La procédure a été communiquée, à l'issue de l'audience, à la région Bretagne et les parties ont été régulièrement averties d'une nouvelle audience.
Par un mémoire, enregistré le 2 décembre 2024, M. et Mme B, représentés par Me Baron, demandent, dans le dernier état de leurs conclusions :
1°) d'enjoindre, sur le fondement de l'article L. 521-2 du code de justice administrative, à titre principal, au conseil départemental des Côtes-d'Armor et, à titre subsidiaire, à la région Bretagne, de prendre toutes les mesures nécessaires afin d'assurer le transport scolaire adapté de leur fille C, sous astreinte de 500 euros par jour de retard à compter de la notification de l'ordonnance à intervenir ;
2°) de mettre à la charge, à titre principal du département des Côtes-d'Armor et, à titre subsidiaire, de la région Bretagne, la somme de 1 500 euros sur le fondement de l'article L. 761-1 du code de justice administrative.
Ils soutiennent que leur fille C est partiellement déscolarisée, au seul motif d'une absence de transport scolaire, alors même qu'elle pourrait bénéficier du transport scolaire adapté mis en place par la région Bretagne, pour son frère, scolarisé en 3ème SEGPA au collège des Livaudières à Loudéac.
Par un mémoire en défense, enregistré le 3 décembre 2024, la région Bretagne conclut au rejet des conclusions tendant à ce que les mesures éventuellement ordonnées soient assorties d'une astreinte.

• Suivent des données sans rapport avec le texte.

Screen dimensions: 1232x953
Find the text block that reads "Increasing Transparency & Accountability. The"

Elle fait valoir que les transports scolaires C relèvent effectivement de sa compétence, qu'elle n'a pas connaissance de demandes présentées par M. et Mme B et qu'elle s'est rapprochée du département des Côtes-d'Armor, de la MDPH et du rectorat pour que soit mutualisé le taxi scolaire dont bénéficie son grand frère.
Ont été entendus au cours de l'audience publique du 3 décembre 2024 :
- le rapport de Mme Thielen,
- les observations de Me Seradin représentant M. et Mme B, qui précise maintenir la demande d'astreinte, compte tenu de l'urgence de la situation,
- les observations de Me Guillou, représentant le département des Côtes-d'Armor,
- les observations de M. E, représentant le recteur de l'académie de Rennes,
- les explications de Mme B, qui indique avoir sollicité une prise en charge auprès de la région Bretagne, le 21 août et le 5 novembre 2024, à laquelle il a été répondu par la négative.

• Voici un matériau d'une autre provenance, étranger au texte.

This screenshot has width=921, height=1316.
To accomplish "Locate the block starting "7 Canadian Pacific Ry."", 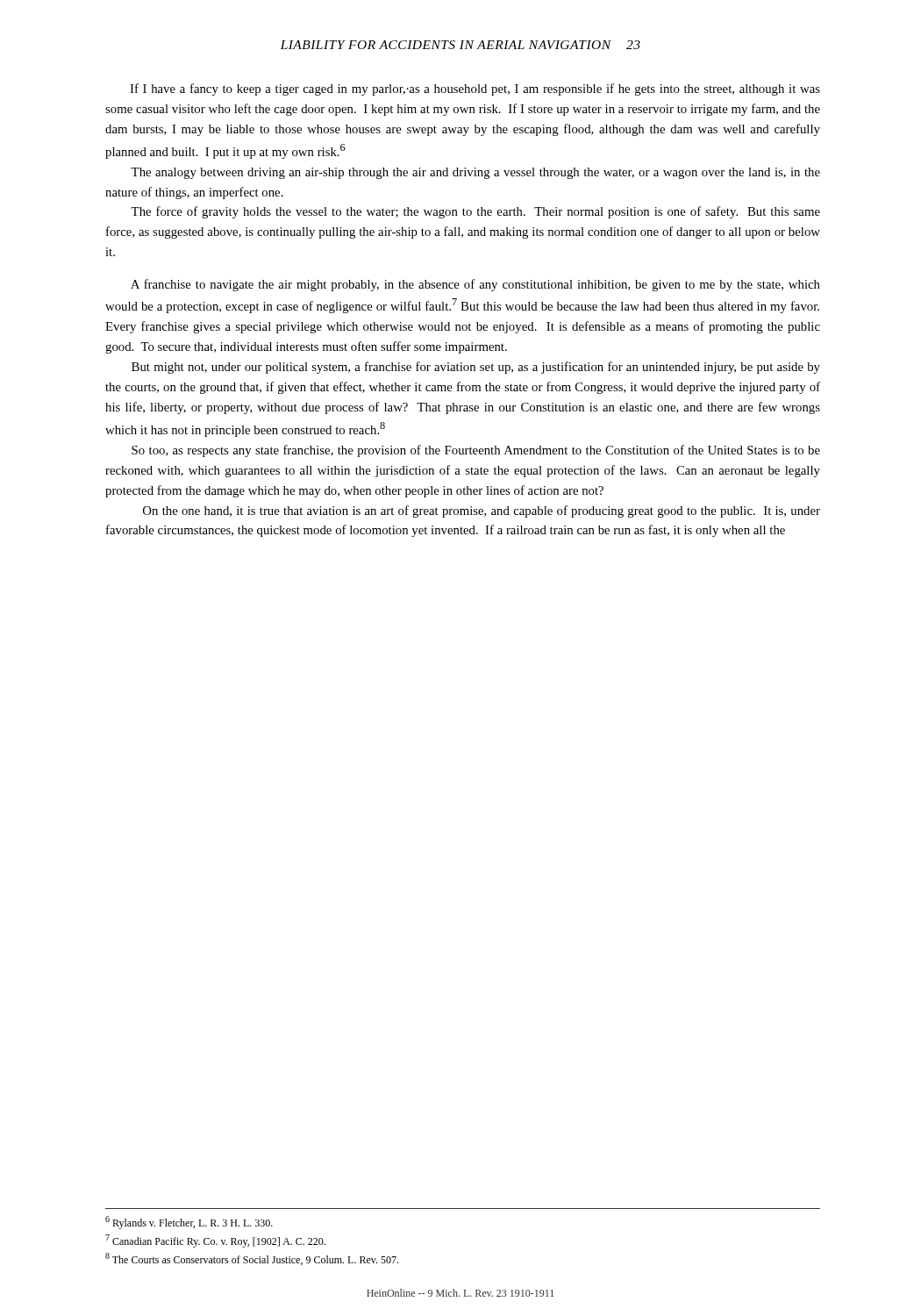I will (215, 1241).

La région Bretagne n'était pas représentée.
La clôture de l'instruction a été prononcée à l'issue de l'audience.
Considérant ce qui suit :
1. Aux termes de l'article L. 521-2 du code de justice administrative : " Saisi d'une demande en ce sens justifiée par l'urgence, le juge des référés peut ordonner toutes mesures nécessaires à la sauvegarde d'une liberté fondamentale à laquelle une personne morale de droit public ou un organisme de droit privé chargé de la gestion d'un service public aurait porté, dans l'exercice d'un de ses pouvoirs, une atteinte grave et manifestement illégale. Le juge des référés se prononce dans un délai de quarante-huit heures ".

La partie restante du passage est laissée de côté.